Chart of the Week: Innovations in Decentralized Finance with DeFi 2.0

DeFi pain points are rapidly shrinking as new protocols build on existing core primitives and offer new innovations, often in a more collaborative, protocol-centered, and long-term-focused manner. We review recent progress, examine examples, and ponder the future of what many are calling DeFi 2.0 in this week’s Chart of the Week. 

Addressing Pain Points: Decentralized finance, or DeFi for short, is a form of finance that uses blockchain technology, smart contracts, and decentralized applications (dApps) to offer typical financial services such as lending, trading, and investment without intermediaries and in a transparent and open way. DeFi offers many benefits over traditional finance such as speed, cost, immutability, composability, and programmability, and ushers in new forms of governance, ownership, and incentive structures, to name a few. As a nascent technology, however, DeFi still has many challenges such as with liquidity, capital efficiency, and tokenomics. Fortunately, a new breed of innovative protocols have sprung up to address these improvement opportunities in what’s coming to be known as DeFi 2.0. 

DeFi 2.0: While its definition is still fluid and it is better used as a mental model than a hard classification scheme, the notion of DeFi 2.0 seems to be congeling around building on top of existing DeFi primitives or creating new innovations to remedy pain points and offer new functionality. One key DeFi 2.0 construct, for example, is protocol controlled value (PCV); whereas many DeFi protocols are essentially two-sided marketplaces relying on rented, user-contributed funds commonly known as total value locked (TVL), a new crop of protocols have jettisoned this approach in favor of owning, rather than renting, their operating assets.

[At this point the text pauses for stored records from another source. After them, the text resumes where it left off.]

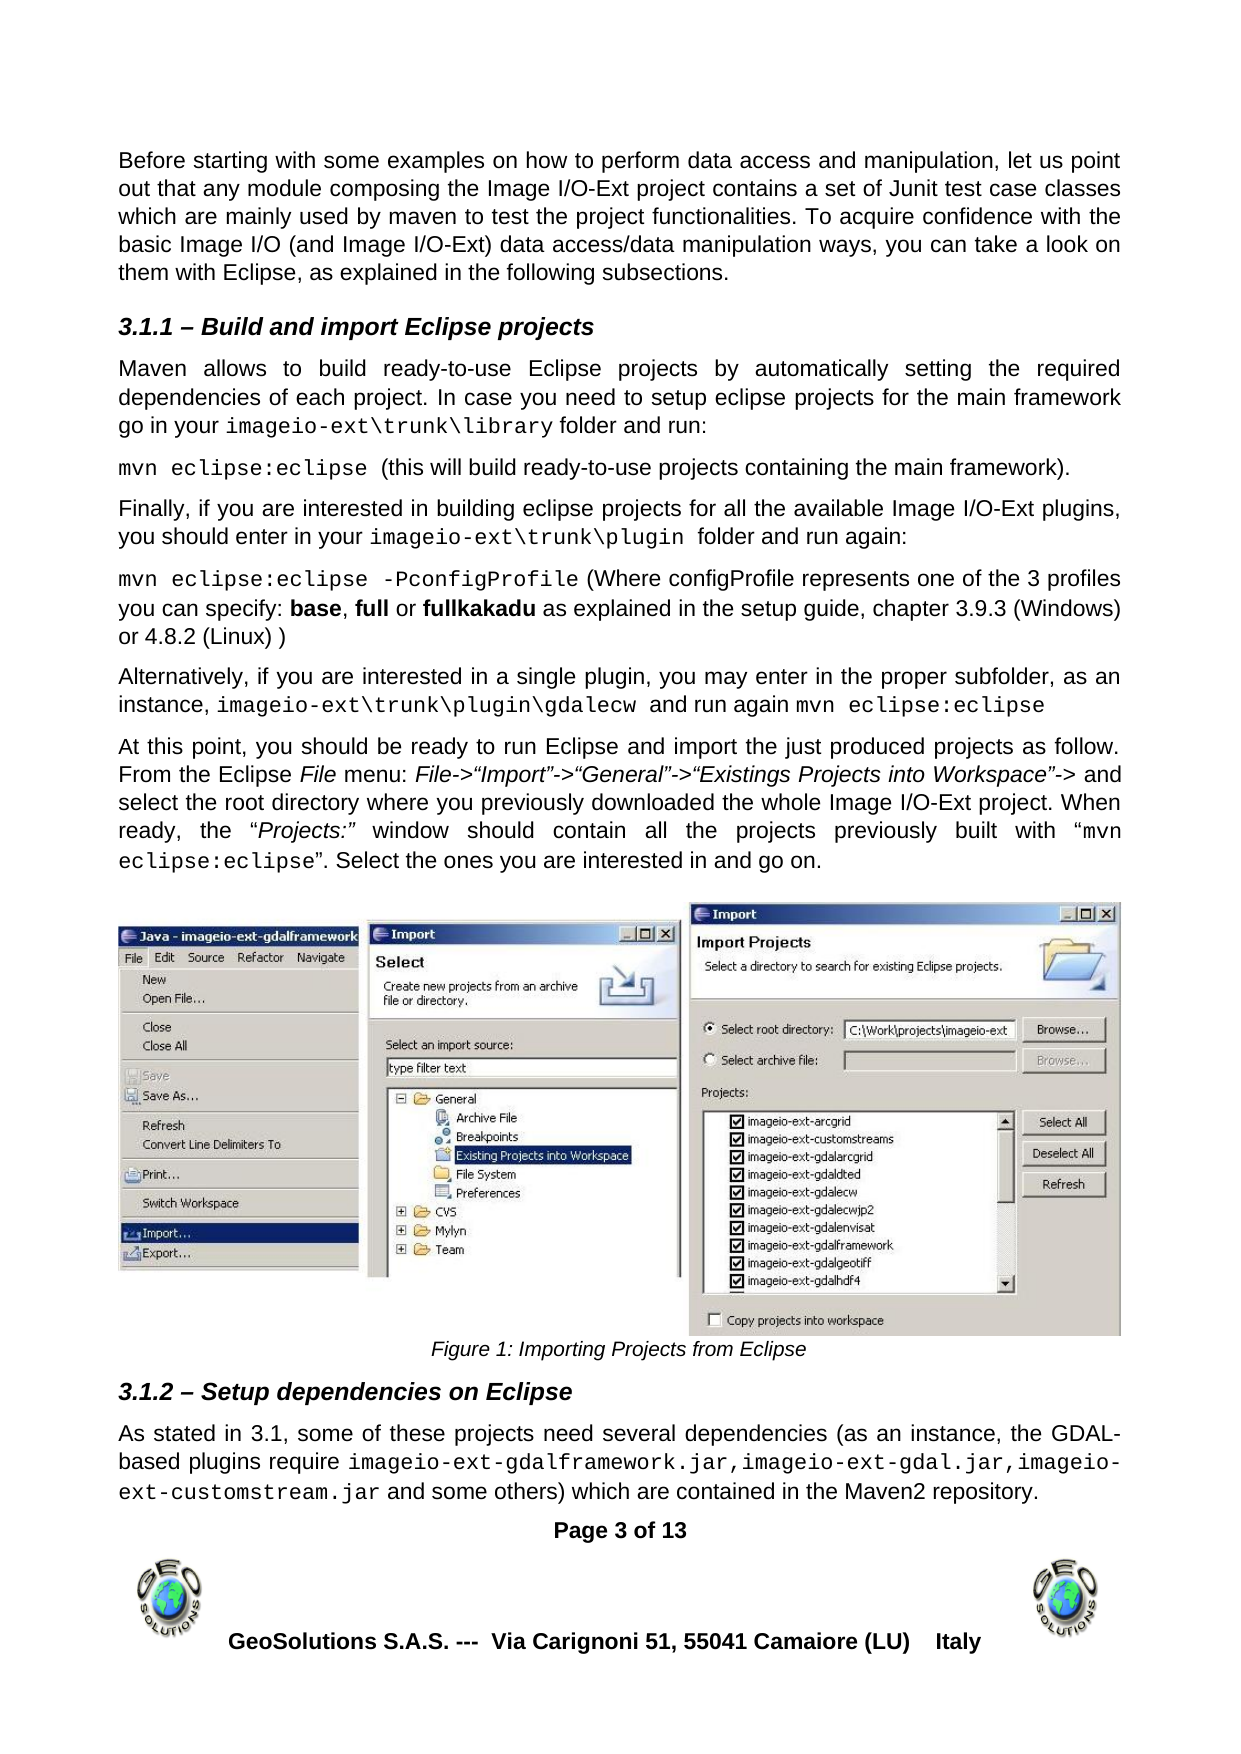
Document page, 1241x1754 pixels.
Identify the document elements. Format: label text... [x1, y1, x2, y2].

text Maven allows to build ready-to-use Eclipse projects by automatically setting the required dependencies of each project. In case you need to setup eclipse projects for the main framework go in your imageio-ext\trunk\library folder and run: [118, 356, 1122, 440]
text Alternatively, if you are interested in a single plugin, you may enter in the proper subfolder, as an instance, imageio-ext\trunk\plugin\gdalecw and run again mvn eclipse:eclipse [118, 664, 1122, 719]
text As stated in 3.1, some of these projects need several dependencies (as an instance, the GDAL-based plugins require imageio-ext-gdalframework.jar,imageio-ext-gdal.jar,imageio-ext-customstream.jar and some others) which are contained in the Maven2 repository. [118, 1421, 1122, 1506]
text Figure 1: Importing Projects from Eclipse [118, 1336, 1122, 1361]
text mvn eclipse:eclipse -PconfigProfile (Where configProfile represents one of the 3 profiles you can specify: base, full or fullkakadu as explained in the setup guide, chapter 3.9.3 (Windows) or 4.8.2 (Linux) ) [118, 566, 1122, 649]
subtitle 3.1.2 – Setup dependencies on Eclipse [118, 1361, 1122, 1406]
text mvn eclipse:eclipse (this will build ready-to-use projects containing the main framework). [118, 454, 1122, 481]
subtitle [118, 889, 1122, 902]
picture [118, 902, 1123, 1336]
picture [134, 1552, 205, 1641]
text Finally, if you are interested in building eclipse projects for all the available Image I/O-Ext plugins, you should enter in your imageio-ext\trunk\plugin folder and run again: [118, 496, 1122, 551]
text Before starting with some examples on how to perform data access and manipulation, let us point out that any module composing the Image I/O-Ext project contains a set of Junit test case classes which are mainly used by maven to test the project functionalities. To acquire confidence with the basic Image I/O (and Image I/O-Ext) data access/data manipulation ways, you can take a look on them with Eclipse, as explained in the following subsections. [118, 148, 1122, 286]
text At this point, you should be ready to run Eclipse and import the just produced projects as follow. From the Eclipse File menu: File->“Import”->“General”->“Existings Projects into Workspace”-> and select the root directory where you previously downloaded the whole Image I/O-Ext project. When ready, the “Projects:” window should contain all the projects previously built with “mvn eclipse:eclipse”. Select the ones you are interested in and go on. [118, 733, 1122, 875]
picture [1030, 1552, 1101, 1641]
subtitle 3.1.1 – Build and import Eclipse projects [118, 313, 1122, 341]

In contrast to TVL, which requires ongoing compensation and has several undesirable characteristics discussed below, PCV is typically generated by a protocol selling its native tokens in exchange for an asset, enabling new mechanisms and a higher degree of protocol control that includes backing and managing a currency, owning one’s own liquidity, generating additional revenue streams, and providing insurance for users. DeFi 2.0 is also about building on existing primitives and creating new innovations to offer greater utility, such as improved capital efficiency, automation, and enhanced returns, and is often done in more collaborative, community-driven, and sustainability-focused ways. Not without its downsides, DeFi 2.0 has been criticized for compounding risk, a natural consequence of building on top of other protocols, and for having fewer checks and balances given its permissionless nature. In the following section, we offer more detail on various DeFi 2.0 innovations and present several projects as examples. 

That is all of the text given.